Surveying Ornament
Take a closer look at these paintings and photographs from our Ornament in Nature exhibition, featuring nature's decorative elements.
Tableware, lemons, and cut flowers parade diagonally across a table in Anne Ward's Backlit Still Life Objects. Ward has cropped the surrounding room out of the painting. Painted from above, the table tips up, revealing a flower-print tablecloth that mirrors the cut blooms in the vase, completing the march down the canvas. Nature is a powerful influencer in this carefully composed still life.
Susan Petty uses shadows to define space and add complexity in her watercolor Still Life with Brown Pansies. A single line and light purple-grey washes define the edge and surface of the table. Backlighting animates a contrasting flower's petals into tentacles. These cut flowers live in a mix of shadow and light, giving intrigue to common garden elements crowded into a tiny vase.

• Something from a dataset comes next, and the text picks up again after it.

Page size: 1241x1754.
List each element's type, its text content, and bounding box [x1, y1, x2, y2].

Patricia Doyle's Lotus is almost monochromatic. Muted blues and greens isolate, and energetic brown lines unite and define, the single flower at the painting’s center. Reflections hint at what is beyond the canvas, but the outside world is absent, emphasizing Doyle’s choice to focus on the exotic blossom.
You can count the number of brushstrokes Dana Hooper used to form her chickens in each of these three paintings. Thick multicolored strokes are independent of one another: edging and overlapping but not thoroughly blended. Hooper even gouges stripes into the wet paint with the brush handle. These are paintings about the pleasure of paint that nevertheless capture the essence of these chickens. The immediacy of the gestures and bright colors relay chicken humor — comedy in gold, pink, orange, and blue.

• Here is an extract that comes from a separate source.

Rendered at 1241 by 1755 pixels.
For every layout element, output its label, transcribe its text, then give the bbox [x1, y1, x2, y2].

Marcia Burtt's two landscapes depict square feet rather than miles.
Hills and mountains have been cropped out of Native Garden, compressing space. Speckled and jerky brushstrokes convey Burtt's gestural style and dynamic color while portraying mingled undisciplined garden elements.
Afternoon, Lot River has only two parts — the trees and the river reflecting the trees. Burtt has condensed the view into a burst of bright green foliage and its aqueous double. The vertical composition descends more from Color Field than from Plein Air painting. This minimalism gives an intense contemplative focus on a single subject.
Dangling tree limbs suspended from the top of Erling Sjovold's Stranded Log — Still River 1 remind us of a Rococo framing motif. Replacing ample pink flesh with rocks and a gnarled fallen tree, Sjovold puts nature's ornamentation in the forefront, finding frippery in this miniature from a daily hike.
With only clouds and blue sky behind them, the magnolia flowers in Randall David Tipton's painting momentarily become a flock of birds. Blooms roost on an unseen tree's limbs, ready to take flight. Tipton accentuates surrealism by shifting his viewpoint and narrowing the focus to create this chimerical image.
Bill Dewey's photograph of torn photos focuses almost solely on clouds. Pure decoration. Fluffy clouds, wispy clouds, sunrise on clouds, and storm clouds that span time and space. This awe-inspiring yet most egalitarian view is available to us by simply looking up. Ornament for everyone.